## YOUR INSTRUCTIONS
Below are some records; find each line that carries the word "populated" and copy it.

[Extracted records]
+ + + + +

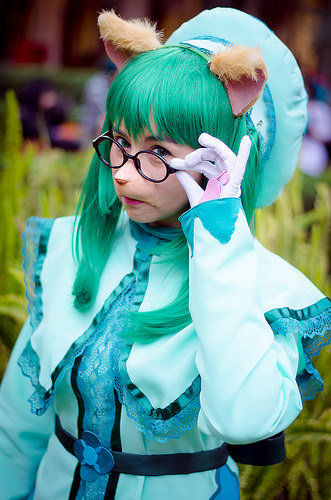<image>
Can you confirm if the plants is next to the woman? Yes. The plants is positioned adjacent to the woman, located nearby in the same general area. 
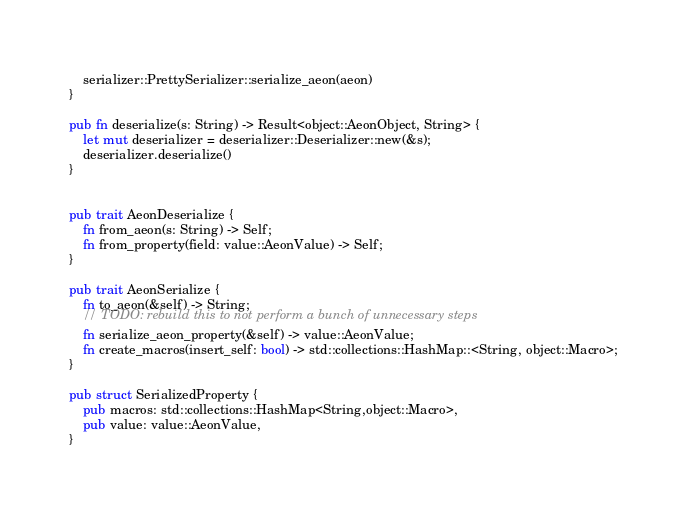Convert code to text. <code><loc_0><loc_0><loc_500><loc_500><_Rust_>    serializer::PrettySerializer::serialize_aeon(aeon)
}

pub fn deserialize(s: String) -> Result<object::AeonObject, String> {
    let mut deserializer = deserializer::Deserializer::new(&s);
    deserializer.deserialize()
}


pub trait AeonDeserialize {
    fn from_aeon(s: String) -> Self;
    fn from_property(field: value::AeonValue) -> Self;
}

pub trait AeonSerialize {
    fn to_aeon(&self) -> String;
    // TODO: rebuild this to not perform a bunch of unnecessary steps
    fn serialize_aeon_property(&self) -> value::AeonValue;
    fn create_macros(insert_self: bool) -> std::collections::HashMap::<String, object::Macro>;
}

pub struct SerializedProperty {
    pub macros: std::collections::HashMap<String,object::Macro>,
    pub value: value::AeonValue,
}

</code> 
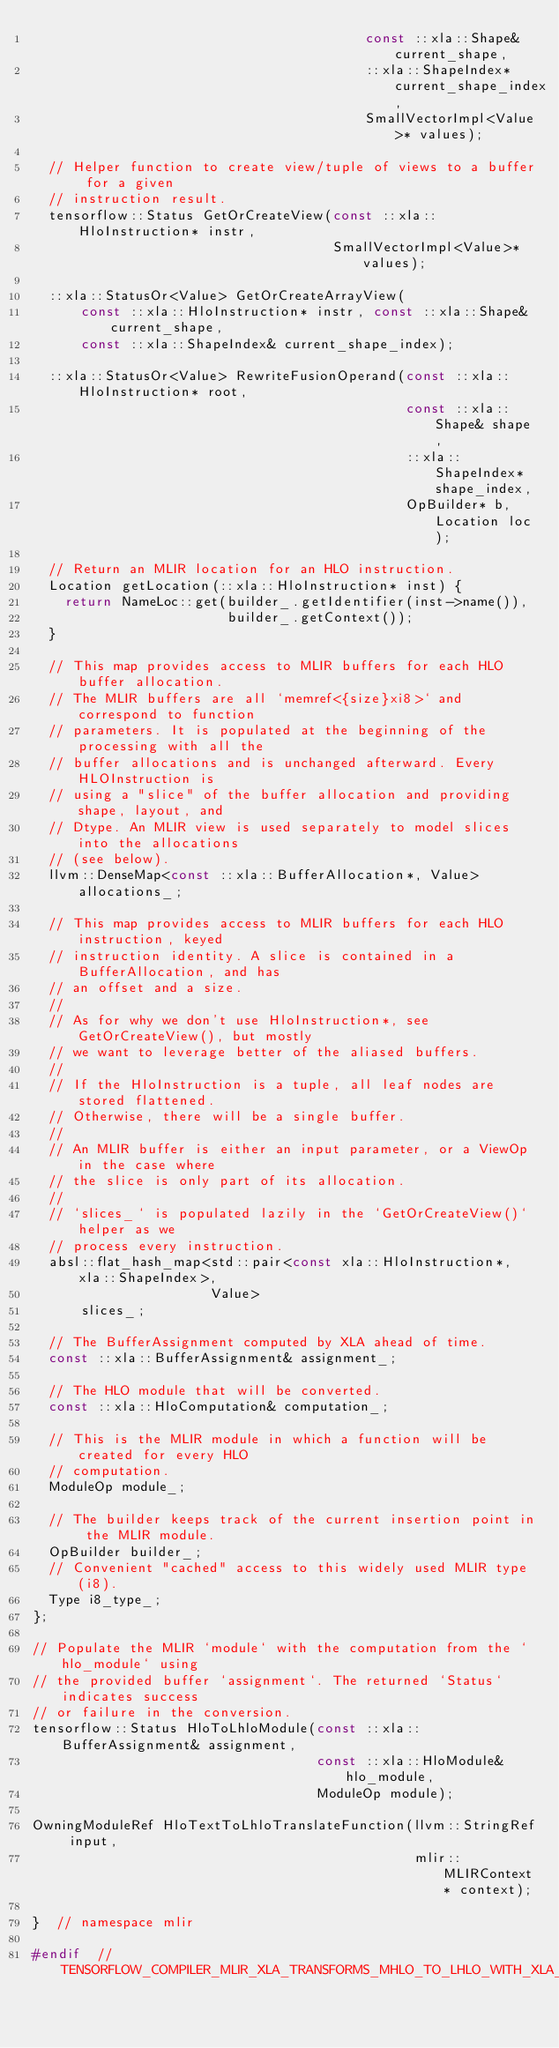Convert code to text. <code><loc_0><loc_0><loc_500><loc_500><_C_>                                         const ::xla::Shape& current_shape,
                                         ::xla::ShapeIndex* current_shape_index,
                                         SmallVectorImpl<Value>* values);

  // Helper function to create view/tuple of views to a buffer for a given
  // instruction result.
  tensorflow::Status GetOrCreateView(const ::xla::HloInstruction* instr,
                                     SmallVectorImpl<Value>* values);

  ::xla::StatusOr<Value> GetOrCreateArrayView(
      const ::xla::HloInstruction* instr, const ::xla::Shape& current_shape,
      const ::xla::ShapeIndex& current_shape_index);

  ::xla::StatusOr<Value> RewriteFusionOperand(const ::xla::HloInstruction* root,
                                              const ::xla::Shape& shape,
                                              ::xla::ShapeIndex* shape_index,
                                              OpBuilder* b, Location loc);

  // Return an MLIR location for an HLO instruction.
  Location getLocation(::xla::HloInstruction* inst) {
    return NameLoc::get(builder_.getIdentifier(inst->name()),
                        builder_.getContext());
  }

  // This map provides access to MLIR buffers for each HLO buffer allocation.
  // The MLIR buffers are all `memref<{size}xi8>` and correspond to function
  // parameters. It is populated at the beginning of the processing with all the
  // buffer allocations and is unchanged afterward. Every HLOInstruction is
  // using a "slice" of the buffer allocation and providing shape, layout, and
  // Dtype. An MLIR view is used separately to model slices into the allocations
  // (see below).
  llvm::DenseMap<const ::xla::BufferAllocation*, Value> allocations_;

  // This map provides access to MLIR buffers for each HLO instruction, keyed
  // instruction identity. A slice is contained in a BufferAllocation, and has
  // an offset and a size.
  //
  // As for why we don't use HloInstruction*, see GetOrCreateView(), but mostly
  // we want to leverage better of the aliased buffers.
  //
  // If the HloInstruction is a tuple, all leaf nodes are stored flattened.
  // Otherwise, there will be a single buffer.
  //
  // An MLIR buffer is either an input parameter, or a ViewOp in the case where
  // the slice is only part of its allocation.
  //
  // `slices_` is populated lazily in the `GetOrCreateView()` helper as we
  // process every instruction.
  absl::flat_hash_map<std::pair<const xla::HloInstruction*, xla::ShapeIndex>,
                      Value>
      slices_;

  // The BufferAssignment computed by XLA ahead of time.
  const ::xla::BufferAssignment& assignment_;

  // The HLO module that will be converted.
  const ::xla::HloComputation& computation_;

  // This is the MLIR module in which a function will be created for every HLO
  // computation.
  ModuleOp module_;

  // The builder keeps track of the current insertion point in the MLIR module.
  OpBuilder builder_;
  // Convenient "cached" access to this widely used MLIR type (i8).
  Type i8_type_;
};

// Populate the MLIR `module` with the computation from the `hlo_module` using
// the provided buffer `assignment`. The returned `Status` indicates success
// or failure in the conversion.
tensorflow::Status HloToLhloModule(const ::xla::BufferAssignment& assignment,
                                   const ::xla::HloModule& hlo_module,
                                   ModuleOp module);

OwningModuleRef HloTextToLhloTranslateFunction(llvm::StringRef input,
                                               mlir::MLIRContext* context);

}  // namespace mlir

#endif  // TENSORFLOW_COMPILER_MLIR_XLA_TRANSFORMS_MHLO_TO_LHLO_WITH_XLA_H_
</code> 
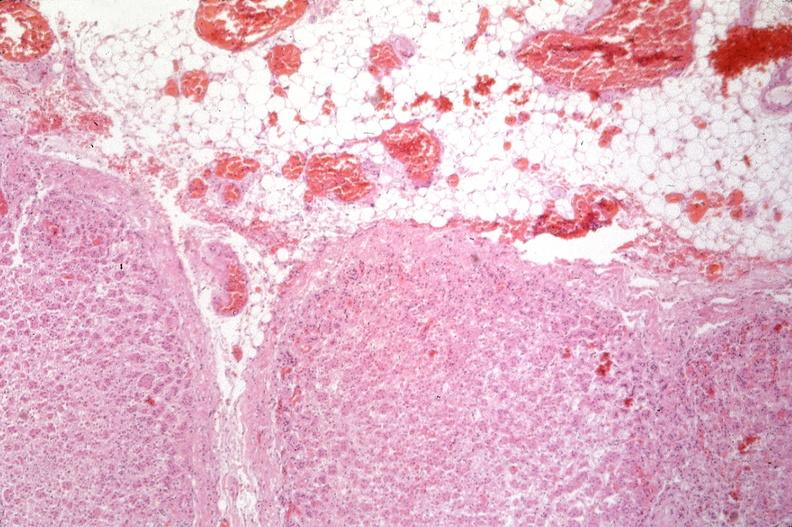does sickle cell disease show pancreas, thrombi and hemorrhage due to disseminated intravascular coagulation dic?
Answer the question using a single word or phrase. No 
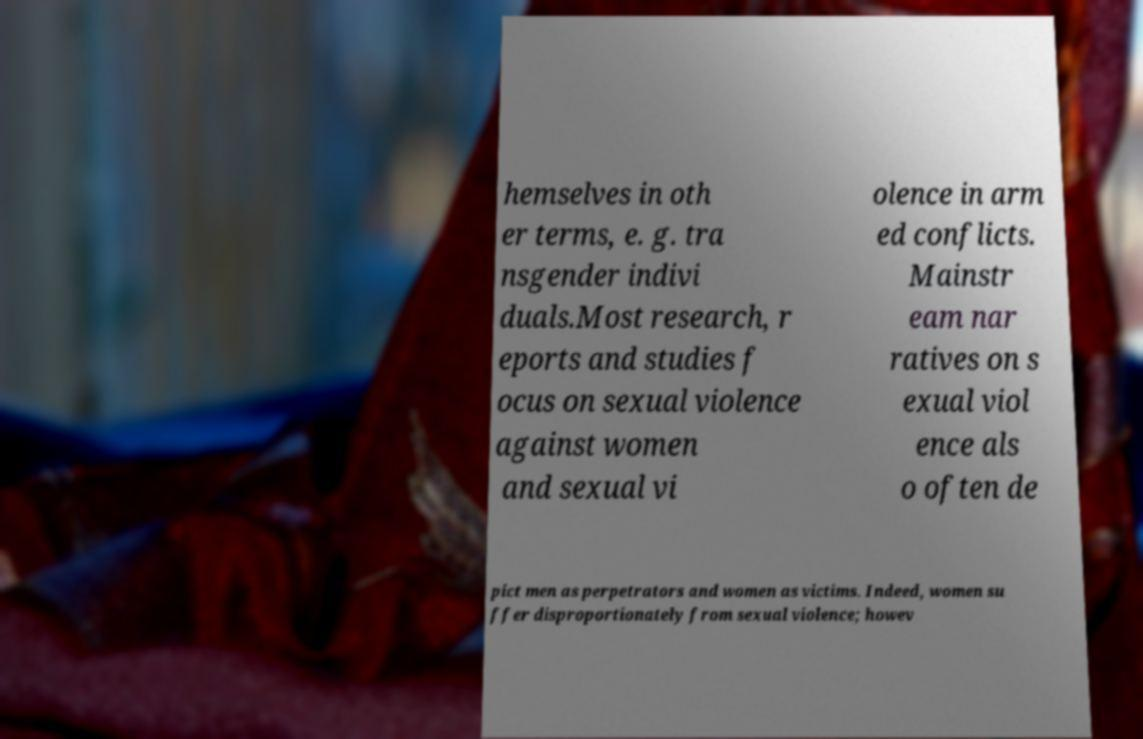Please read and relay the text visible in this image. What does it say? hemselves in oth er terms, e. g. tra nsgender indivi duals.Most research, r eports and studies f ocus on sexual violence against women and sexual vi olence in arm ed conflicts. Mainstr eam nar ratives on s exual viol ence als o often de pict men as perpetrators and women as victims. Indeed, women su ffer disproportionately from sexual violence; howev

+ + + + +

## WRITTEN RESPONSE
  // parameters. It is populated at the beginning of the processing with all the
  // `slices_` is populated lazily in the `GetOrCreateView()` helper as we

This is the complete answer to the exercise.